There has been a lot of talk here lately at Apollo Media about focus. Streamlining your writing and discussions on your blog seems paramount when establishing a distinctive voice in your work and targeting a core readership that is going to stick around.

The problems with veering off your blog’s direction are clear and also apply to various forms of marketing. If a company strays too far from their tested image, or they try cultivating too many images at once, they can end up confusing potential customers. Is your company targeting young people or old? Do you want to appear authoritative and trustworthy or fresh and cutting-edge? Trying to do or say too many things at once leads to glaring contradictions and a perplexed audience.

Notice how McDonald’s doesn’t blatantly offer pizza or breadsticks on their regular menu? Sure, they could easily introduce them to some success, I think they even had pizza available a decade or so ago, but they are known for the Big Mac and their fries, so being eclectic with their menu just distracts people from what really made them so popular.

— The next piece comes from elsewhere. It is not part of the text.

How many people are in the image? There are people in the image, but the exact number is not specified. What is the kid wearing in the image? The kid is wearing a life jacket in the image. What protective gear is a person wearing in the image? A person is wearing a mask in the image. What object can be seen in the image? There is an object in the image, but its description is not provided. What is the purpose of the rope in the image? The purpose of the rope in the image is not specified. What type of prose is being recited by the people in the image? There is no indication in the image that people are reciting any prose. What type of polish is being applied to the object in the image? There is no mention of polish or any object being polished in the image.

Now this little spiel isn’t rallying against variety on your blog. By all means, experimentation is encouraged, especially if you feel that your posts are becoming repetitive or redundant. But you have to stay true to your blog’s initial purpose and intentions. That is why it’s so important to blog about what your passionate about, so you can stick to that passion and avoid drifting off on unintelligible tangents – otherwise your readers will drift off as well. Branding is all about being ‘that’ guy or girl, a resident expert who has taken up space in the real estate of people’s minds.

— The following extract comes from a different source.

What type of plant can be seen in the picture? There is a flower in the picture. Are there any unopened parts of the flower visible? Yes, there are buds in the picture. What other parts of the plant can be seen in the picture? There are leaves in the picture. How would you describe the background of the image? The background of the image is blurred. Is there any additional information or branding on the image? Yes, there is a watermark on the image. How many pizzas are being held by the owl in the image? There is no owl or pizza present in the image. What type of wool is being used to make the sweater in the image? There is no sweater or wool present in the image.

So stay focused and come to understand what your audience is expecting from you. If you have yet to build your reader base, you want to outline your posting schedule; blog goals and the framework of your articles so you can come into the writing process with a well-conceived and confident approach from the get go. If you want to become a successful blogger, you want to be the come-to person that truly has something valuable to offer. That ‘something’ has to be crystal clear to your readers so that they keep coming back for more!